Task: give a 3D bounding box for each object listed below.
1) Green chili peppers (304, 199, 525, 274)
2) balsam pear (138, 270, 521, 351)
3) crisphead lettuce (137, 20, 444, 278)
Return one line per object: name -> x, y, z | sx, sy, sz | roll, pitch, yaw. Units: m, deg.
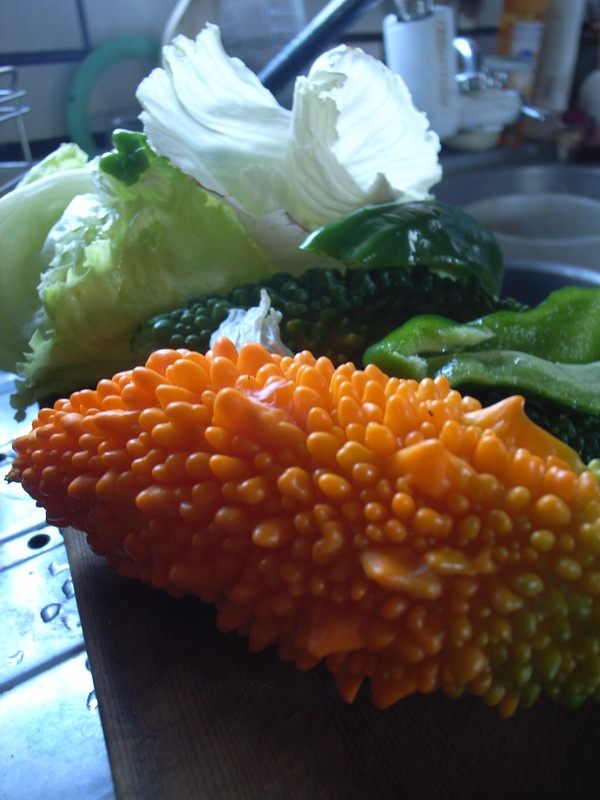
Green chili peppers -> 0.074, -0.110, 0.552 | 0.161, 0.065, 0.130 | -6, 16, -27
balsam pear -> 0.030, -0.095, 0.626 | 0.226, 0.073, 0.218 | 10, 14, 37
crisphead lettuce -> -0.029, -0.207, 0.709 | 0.245, 0.226, 0.202 | -10, 24, -24

****

Task statement: The answer is the run of lines from the one with "Return one line" through the final line of the data, copied exactly, and nothing else; no pictures.

Result below:
Return one line per object: name -> x, y, z | sx, sy, sz | roll, pitch, yaw. Units: m, deg.
Green chili peppers -> 0.074, -0.110, 0.552 | 0.161, 0.065, 0.130 | -6, 16, -27
balsam pear -> 0.030, -0.095, 0.626 | 0.226, 0.073, 0.218 | 10, 14, 37
crisphead lettuce -> -0.029, -0.207, 0.709 | 0.245, 0.226, 0.202 | -10, 24, -24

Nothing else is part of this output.